Bulk loader (loader/mod.rs)

  • JSONL only in v1, with two record shapes:
    • Node: {"type":"NodeType", "data":{…}}
    • Edge: {"edge":"EdgeType", "from":"src_id", "to":"dst_id", "data":{…}}
  • Lines starting with // are treated as comments.
  • Schema validation on every row (typecheck, required props, blob base64 decoding).
  • Edge endpoint resolution by node @key.

Load modes (LoadMode)

Mode Semantics Path (post-MR-794)
Overwrite Replace all data in the target tables on the branch Same accumulator; one stage_overwrite + commit_staged per touched table at end-of-load (a staged Lance Operation::Overwrite transaction — HEAD does not advance until commit; MR-793 Phase 2); publisher CAS.
Append Strict insert; duplicates error In-memory MutationStaging accumulator; one stage_append + commit_staged per touched table at end-of-load; publisher CAS.
Merge Upsert by id (merge_insert) Same accumulator; one stage_merge_insert per touched table at end-of-load (Merge mode dedupes by id, last-write-wins); publisher CAS.

For all three modes, a mid-load failure (RI / cardinality violation, validation error) leaves Lance HEAD untouched on the staged tables — the next load on the same tables proceeds normally with no ExpectedVersionMismatch.

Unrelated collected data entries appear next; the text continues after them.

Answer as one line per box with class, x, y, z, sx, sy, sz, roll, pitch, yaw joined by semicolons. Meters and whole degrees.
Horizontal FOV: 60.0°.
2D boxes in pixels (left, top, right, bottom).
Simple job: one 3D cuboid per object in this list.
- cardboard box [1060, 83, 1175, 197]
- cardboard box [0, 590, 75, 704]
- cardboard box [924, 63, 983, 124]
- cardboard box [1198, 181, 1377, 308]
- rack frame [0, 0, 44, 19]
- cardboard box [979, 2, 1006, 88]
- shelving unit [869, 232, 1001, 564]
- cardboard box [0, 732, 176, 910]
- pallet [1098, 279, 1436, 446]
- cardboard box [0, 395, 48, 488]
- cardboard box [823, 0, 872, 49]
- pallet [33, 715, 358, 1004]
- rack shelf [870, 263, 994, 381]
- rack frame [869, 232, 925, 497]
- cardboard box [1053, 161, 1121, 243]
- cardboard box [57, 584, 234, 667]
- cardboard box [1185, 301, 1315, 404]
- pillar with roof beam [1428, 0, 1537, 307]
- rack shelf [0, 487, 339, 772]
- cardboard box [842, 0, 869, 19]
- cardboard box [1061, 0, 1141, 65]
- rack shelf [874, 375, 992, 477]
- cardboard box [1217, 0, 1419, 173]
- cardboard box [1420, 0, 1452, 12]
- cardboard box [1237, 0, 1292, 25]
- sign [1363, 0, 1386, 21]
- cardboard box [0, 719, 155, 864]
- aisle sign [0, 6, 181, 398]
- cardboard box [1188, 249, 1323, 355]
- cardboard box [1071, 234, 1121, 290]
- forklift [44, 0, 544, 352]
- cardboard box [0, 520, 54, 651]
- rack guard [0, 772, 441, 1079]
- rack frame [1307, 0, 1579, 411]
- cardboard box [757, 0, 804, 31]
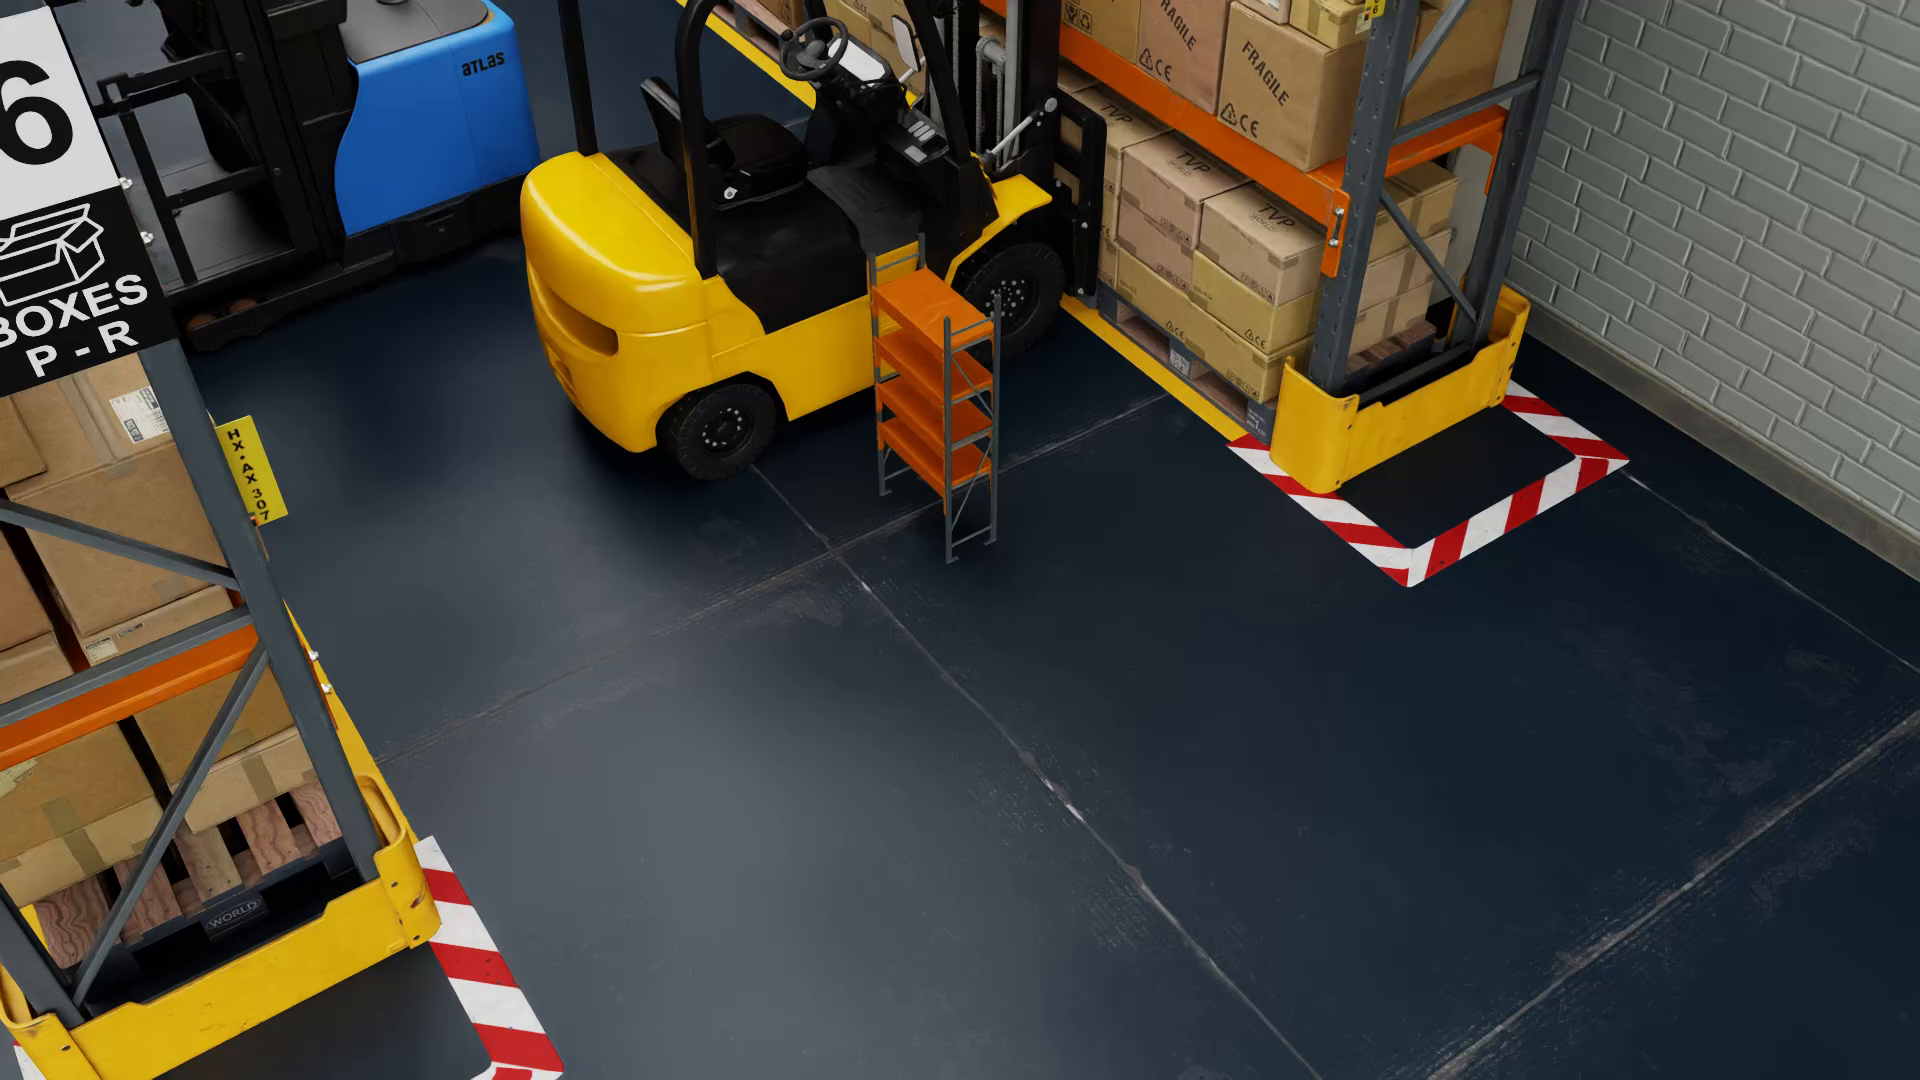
cardboard box;0.750;-1.826;7.453;0.500;0.250;0.500;-25;49;-24
cardboard box;-2.595;0.326;4.418;0.380;0.149;0.250;-24;49;-23
cardboard box;0.166;-2.235;8.244;0.500;0.250;0.500;-26;50;-25
cardboard box;1.344;-1.257;6.858;0.500;0.250;0.500;-24;49;-23
rack frame;-2.206;-1.808;2.127;1.000;3.000;0.127;-26;49;-24
cardboard box;0.173;-2.416;8.072;0.500;0.250;0.500;-24;49;-23
shelving unit;-0.095;-0.528;6.434;0.258;1.200;0.503;-26;49;-24
cardboard box;-2.903;0.840;5.385;0.500;0.250;0.500;-26;49;-25
pallet;1.391;-1.009;7.654;1.003;0.211;1.213;-26;49;-24
cardboard box;-2.677;-0.346;3.928;0.700;0.500;0.500;-27;50;-25
cardboard box;-0.402;-2.808;8.845;0.500;0.250;0.500;-26;49;-25
pallet;-2.685;0.854;5.703;1.003;0.211;1.213;-26;49;-24
rack shelf;-0.095;-0.812;6.163;0.258;0.148;0.480;-26;49;-24
rack frame;-0.234;-0.666;6.579;0.240;1.200;0.015;-26;49;-24
cardboard box;0.738;-1.663;7.645;0.500;0.250;0.500;-27;50;-25
cardboard box;-2.230;0.179;4.572;0.380;0.149;0.250;-26;49;-24
cardboard box;1.335;-0.899;7.207;0.500;0.250;0.500;-25;49;-24
pillar with roof beam;-1.327;-2.820;3.187;9.100;9.000;0.400;-26;49;-24
rack shelf;-3.350;-0.510;5.633;1.077;0.370;4.000;-26;49;-24
cardboard box;-0.406;-2.987;8.670;0.500;0.250;0.500;-26;50;-25
cardboard box;0.784;-2.399;7.019;0.500;0.500;0.500;-27;50;-25
rack shelf;-0.095;-0.479;6.480;0.258;0.148;0.480;-26;49;-24
cardboard box;1.366;-1.812;6.403;0.500;0.500;0.500;-27;50;-25
cardboard box;1.882;-2.166;6.304;0.380;0.149;0.250;-27;50;-25
cardboard box;1.264;-2.090;6.225;0.380;0.149;0.250;-25;49;-24
sign;1.410;-1.899;5.556;0.100;0.325;0.005;-26;49;-24
cardboard box;-2.878;0.583;5.111;0.500;0.500;0.500;-25;49;-24
aisle sign;-1.916;-0.665;3.392;0.394;0.787;0.004;-26;49;-24
cardboard box;1.328;-1.091;7.046;0.500;0.250;0.500;-26;50;-25
cardboard box;0.780;-1.472;7.806;0.500;0.250;0.500;-25;49;-24
forklift;-3.543;-2.342;7.081;3.031;2.935;1.130;-28;51;-27
cardboard box;-2.742;0.020;4.269;0.500;0.500;0.500;-27;50;-25
rack guard;-2.249;1.223;5.106;1.175;0.500;0.348;-26;49;-24
rack frame;1.863;-1.601;6.254;1.000;3.000;0.127;-26;49;-24
cardboard box;-0.733;-3.450;9.607;0.875;0.625;0.625;-24;48;-23

load and the deprecated ingest shims

  • load_as(branch, base, data, mode, actor) — the unified entry (single publisher commit per call). base: Some(b) forks a missing branch from b first (via branch_create_from_as, which enforces BranchCreate); base: None requires the branch to exist — staging fails on an unknown branch, so a typo'd name can never create one.
  • load(branch, data, mode) — convenience wrapper with base: None and no actor.
  • Returns LoadResult { branch, base_branch, branch_created, nodes_loaded, edges_loaded }.
  • ingest{,_as,_file,_file_as} are #[deprecated] shims over load_as preserving the historical contract (from: None forks from main; returns IngestResult); they are slated for removal. The CLI ingest command is a deprecated alias of load --from <base>.

Embeddings during load

The loader does not embed @embed properties at load time. @embed is a catalog annotation consumed by query typecheck/lint; vectors are supplied directly in the load data, or pre-filled by the offline omnigraph embed pipeline. Query-time nearest($v, "string") auto-embeds the query string via the provider-independent embedding client. See embeddings.md. (Ingest-time @embed execution is a planned RFC-012 phase.)